Ditto for college. Life was about finding the white man who could love me.
Of course, I'd had exposure to non-angry black men in high school and college, but not enough to crack the core of a young man's brain. It didn't help that said brain was already conditioned to profile black brothers in the same vein as my actual black brothers.
Then there's the Assimilation Factor. My parents moved us to the suburbs of Indianapolis where I, the youngest, became the most-assimilated member of my family.
Our neighborhood and school district were naturally integrated, but I had all the motivation in the world to be like all the white people suddenly thrust into my life. My older siblings didn't do school. Never once did I see them do homework. They also caused a lot of hell for my parents.
With so much darkness within my black family, my young spirit was signed, sealed and delivered for a better alternative: white people.
White people, the ones who can go anywhere and do anything in America. The ones who didn't get hosed or attacked by police dogs just because of their color. The ones who weren't getting killed for trying to vote.
White people. The ones who can qualify as "the boy or girl next door." The ones who lay claim to the title "all-American." (What does that make me, half-American?)
White people. I can't be one of them. I can only hope to be loved by one of them, so that I too may bask in their golden blond sunshine, as seen and celebrated in the movies and on TV.
White people. A black boy's only hope for a life without violence.

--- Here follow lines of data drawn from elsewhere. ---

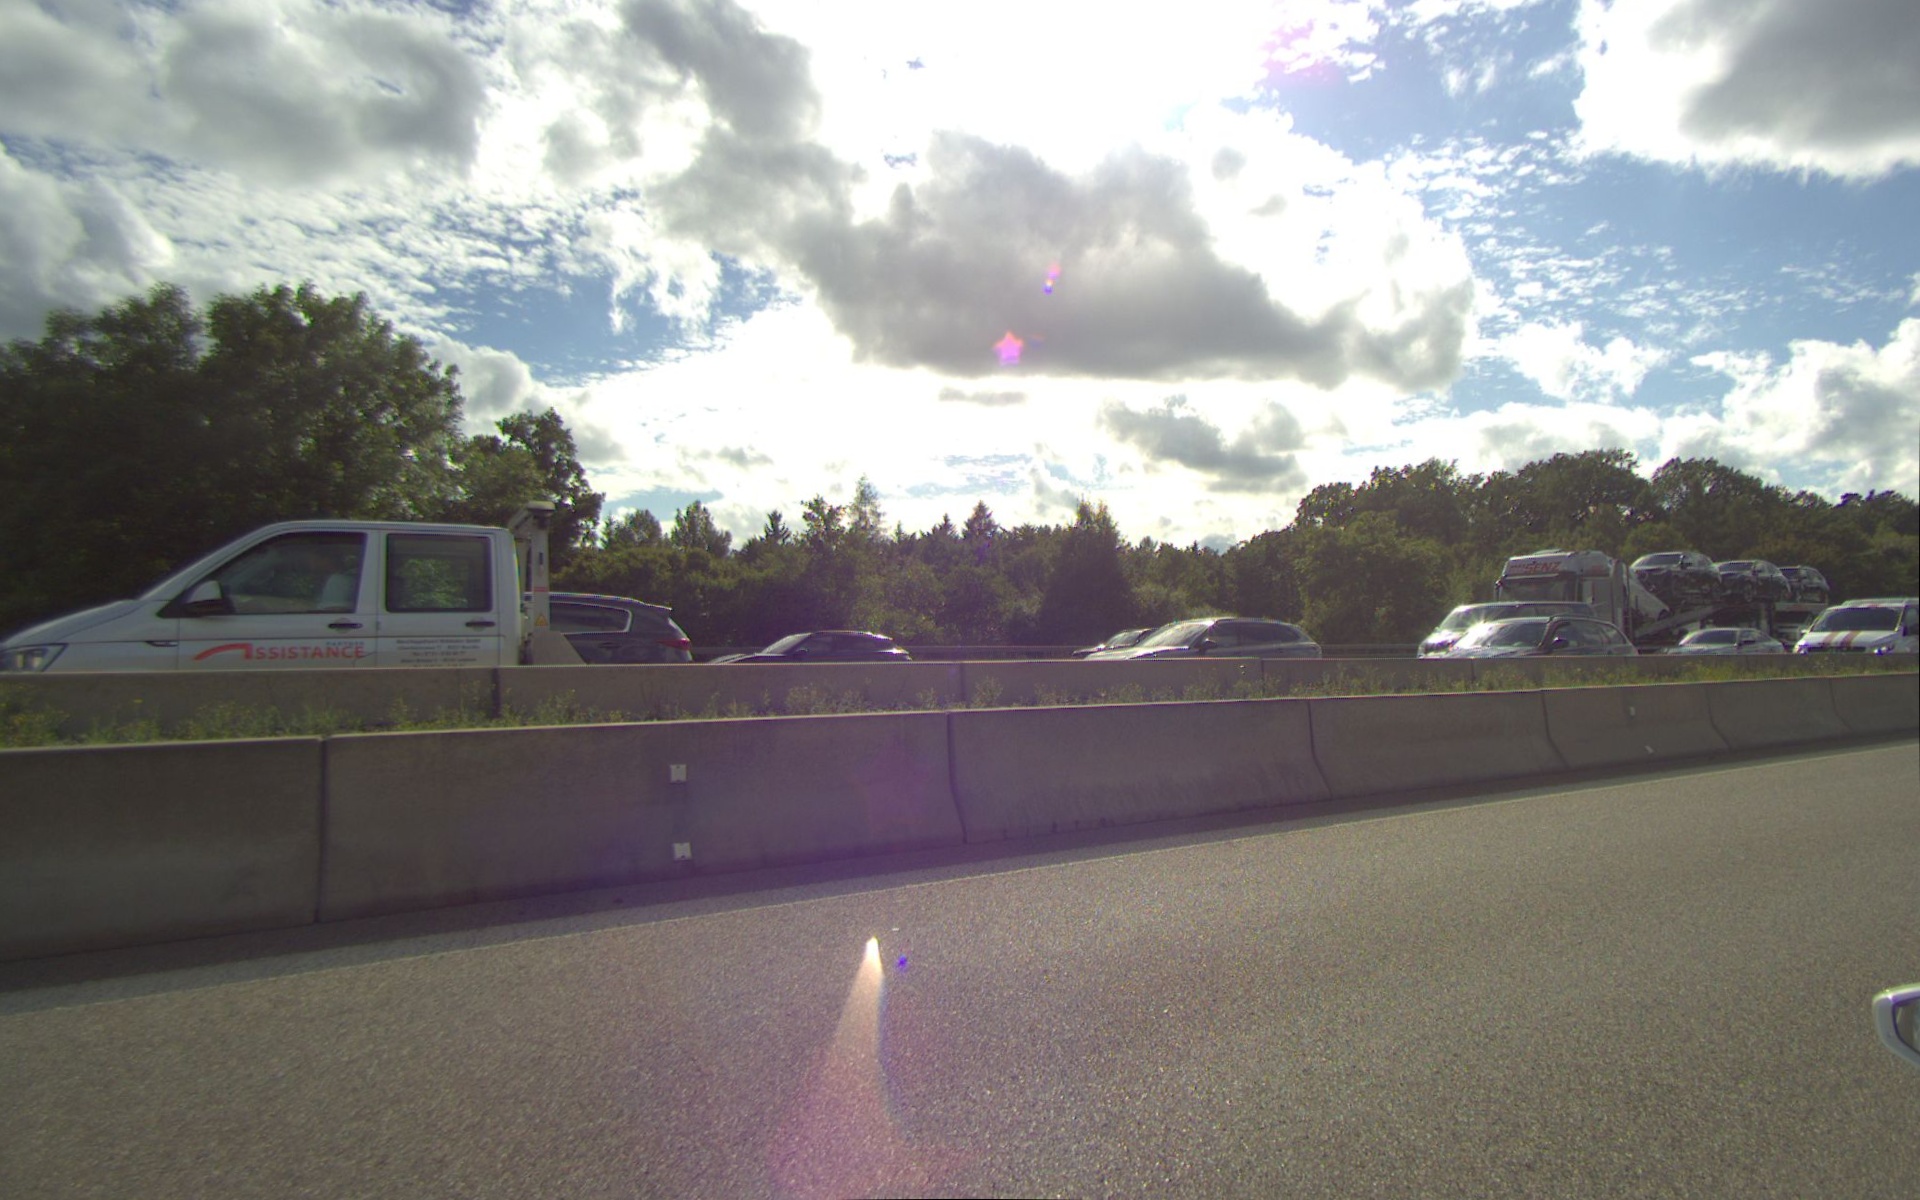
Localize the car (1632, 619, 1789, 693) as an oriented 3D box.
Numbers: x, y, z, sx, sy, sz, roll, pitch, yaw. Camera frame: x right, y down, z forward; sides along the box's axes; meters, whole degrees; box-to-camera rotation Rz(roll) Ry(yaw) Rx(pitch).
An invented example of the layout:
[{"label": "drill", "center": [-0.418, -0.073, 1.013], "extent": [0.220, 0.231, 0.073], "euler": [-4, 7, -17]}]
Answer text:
[{"label": "car", "center": [21.081, 1.519, 28.170], "extent": [4.642, 1.900, 1.902], "euler": [2, -1, -31]}]

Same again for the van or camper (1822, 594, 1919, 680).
[{"label": "van or camper", "center": [32.676, 1.301, 34.686], "extent": [6.554, 2.747, 2.380], "euler": [2, -1, -30]}]

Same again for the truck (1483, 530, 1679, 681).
[{"label": "truck", "center": [19.348, 0.194, 31.271], "extent": [5.647, 4.291, 2.839], "euler": [1, 0, -31]}]

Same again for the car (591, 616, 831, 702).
[{"label": "car", "center": [-5.009, 1.137, 20.341], "extent": [4.357, 1.519, 1.881], "euler": [1, 0, -30]}]

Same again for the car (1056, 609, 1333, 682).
[{"label": "car", "center": [4.101, 0.795, 17.283], "extent": [4.827, 1.091, 1.632], "euler": [3, -1, -30]}]

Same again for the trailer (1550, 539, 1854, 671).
[{"label": "trailer", "center": [26.950, 0.347, 35.909], "extent": [15.821, 4.028, 2.816], "euler": [2, 0, -31]}]

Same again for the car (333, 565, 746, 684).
[{"label": "car", "center": [-4.686, 0.276, 11.464], "extent": [4.115, 1.154, 1.556], "euler": [2, 0, -31]}]

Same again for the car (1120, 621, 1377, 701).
[{"label": "car", "center": [5.210, 1.051, 17.966], "extent": [4.513, 1.247, 1.823], "euler": [2, -1, -30]}]

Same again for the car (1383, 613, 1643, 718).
[{"label": "car", "center": [8.531, 0.952, 15.443], "extent": [3.952, 1.391, 1.687], "euler": [1, 0, -30]}]

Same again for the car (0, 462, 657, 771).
[{"label": "car", "center": [-4.687, 0.125, 7.730], "extent": [4.130, 1.825, 2.076], "euler": [1, 0, -31]}]

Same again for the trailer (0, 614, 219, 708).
[{"label": "trailer", "center": [-16.600, 1.114, 18.687], "extent": [4.300, 1.600, 1.816], "euler": [3, -1, -31]}]

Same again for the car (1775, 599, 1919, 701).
[{"label": "car", "center": [21.205, 1.149, 23.191], "extent": [5.216, 2.127, 1.984], "euler": [2, -1, -30]}]

White people. They've called me nigger, articulate and many other things, but never lover.
I've hooked up with all races. I've known beauty and lust in all shades. I could fall in love with any color man, but my heart palpitates most for white men.

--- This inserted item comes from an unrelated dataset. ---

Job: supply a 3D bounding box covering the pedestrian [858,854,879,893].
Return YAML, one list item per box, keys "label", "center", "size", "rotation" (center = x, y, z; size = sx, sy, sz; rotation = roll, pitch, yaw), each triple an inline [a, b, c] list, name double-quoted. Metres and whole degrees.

Is it a good thing? A bad thing? No, it's just a thing, one piece of the puzzle that is me. It's also one puzzle piece that has, so far, brought more pain than joy.
Imagine a little black boy's heart breaking when, one month before college at USC, he receives a booklet featuring all the school's fraternities. Many of the frats have group shots. The freshman-to-be notices the absence of black males.
"Why are there no blacks," I ask Kelvin, a co-worker at my summer job. Kelvin's an upperclassman in a frat at Ball State. He knows things. He explains to me how the college Greek system is segregated and that I won't be joining any white fraternities at my new dream school in California.
A month later, I arrive at the University of Southern Cal in 1980. The week before school starts, some of the USC Sigma Chi's call me nigger. Imagine how hurtful that felt, surviving my abusive childhood so I could find my special white boy in California, only to be called nigger a week before school starts by the very white boys who rule the school's social life and refuse to let me into their fraternity, all on the account of the color of my skin.
That's just one of a long list of times white men have broken the heart of the little boy inside me. Every time I read online personal ads and read the words WHITES AND LATINS ONLY, NO BLACKS, NO ASIANS, SORRY NOTHING PERSONAL, it hurts. It hurts.
Every time I'm among gay men and they look past me, thru me, behind me, as if I'm not there, it hurts. Same for every time I cruise sites like bigmuscle.com and see profiles that include no blacks as their favorites.
It hurts, but it doesn't change how I feel in love with white men. And it doesn't change the fact that many black people get upset when they hear a black man waxing poetic about the color white.
Those black people will need to be angry at a lot of their own. Many black children grow up favoring white people, wanting to be white and dreaming of having "yellow hair," which is how a young cousin once put it (age six).
When I was a child, I fell in love with white people. When I became sexual, I fell love with white men. I am not alone. My story is one lived by many a black child.